Every year, a promising artist (or two) is awarded the Umlauf Prize, and their work is displayed at the Umlauf Sculpture Garden. This year, the Umlauf is displaying not just the current prize-winning artwork, but a retrospective of several past prize-winners.

On Saturday, January 14, the sculpture garden will host an Insights artist talk with several Umlauf winners, including this year's winning artist, Elizabeth McClellan.

"This is the most ambitious production I've ever done," says Justin Sherburn of his new multimedia project The Time Machine. "It's definitely combining music and theater in a way that's new for me," he says, adding "the shows I've done in the past have been mostly music oriented with slight multimedia, [but] this is a full-on multimedia experience."

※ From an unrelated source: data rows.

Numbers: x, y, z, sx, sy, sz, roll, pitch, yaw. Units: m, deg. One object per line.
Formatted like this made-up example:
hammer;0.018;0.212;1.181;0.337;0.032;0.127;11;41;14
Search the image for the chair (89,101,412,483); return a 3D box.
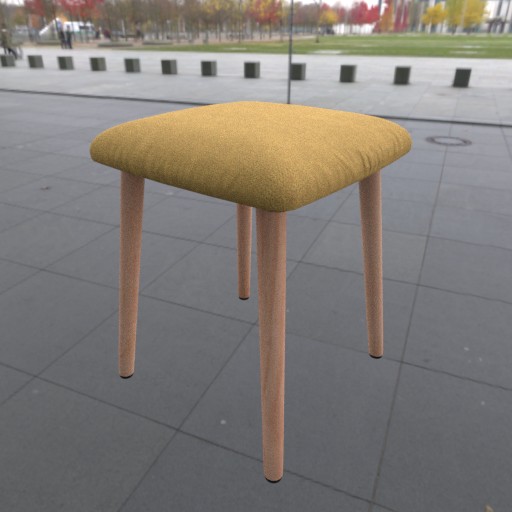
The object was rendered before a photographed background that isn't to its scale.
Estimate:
chair;0.000;0.000;0.702;0.350;0.440;0.350;20;33;34
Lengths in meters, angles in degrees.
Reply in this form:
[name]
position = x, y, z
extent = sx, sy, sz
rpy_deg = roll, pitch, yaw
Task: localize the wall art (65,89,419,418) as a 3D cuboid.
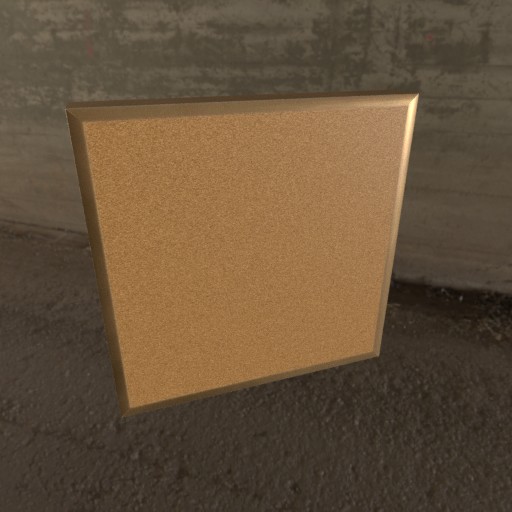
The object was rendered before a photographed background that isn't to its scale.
[wall art]
position = 0.000, 0.000, 0.447
extent = 0.305, 0.303, 0.038
rpy_deg = -9, 27, -17
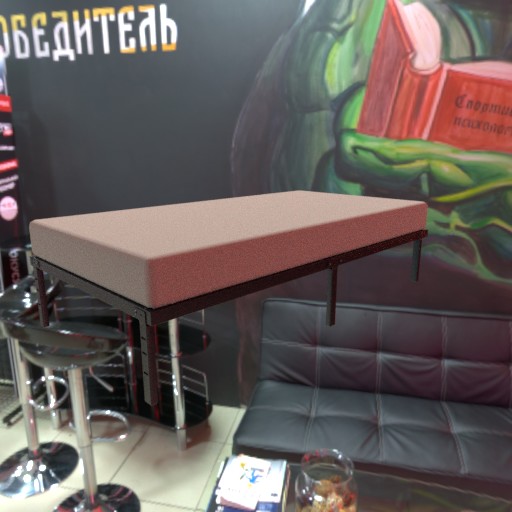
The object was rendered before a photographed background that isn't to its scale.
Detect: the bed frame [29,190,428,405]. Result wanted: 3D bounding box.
[{"bbox_3d":[0.000,0.000,3.227,1.393,0.680,2.635,14,19,43],"label":"bed frame"}]

The show grew out of Sherburn's longstanding fascination with synthesizers. "I just always thought it'd be fun to... basically use a time machine as a theme to explore sythesizers.

In the sci-fi themed show, Sherburn and his band will journey through the 20th century, starting in Austin and moving through the decades and across the planet. Visual designer Stephen Fishman will manipulate an animation sequence live during the show, projecting images onto and around the band. "It makes it look like the band is actually immersed in this machine," Fishman says.

Hir, a dark comedy by multi-award winning playwright Taylor Mac, debuted only a year ago in New York to much acclaim. This January, Capital T Theatre is bringing the play to Austin for the first time.

The play is, in broad terms, an installment in the long pantheon of American family dramas; the four person cast includes a father, a mother, and their two children, and much of the drama revolves around their dysfunctional relationships. 

But Hir is definitely a modern take on that long-lived dramatic genre. It's more of a black comedy than a straight drama, and its characters include a father who's barely able to communicate (in a very literal sense, due to a recent stroke) and who dresses like a clown, a mother who is struggling to assert her dominance after years of oppression, a son who's returning from war while also recovering from drug addiction and a daughter who is transitioning from female to male.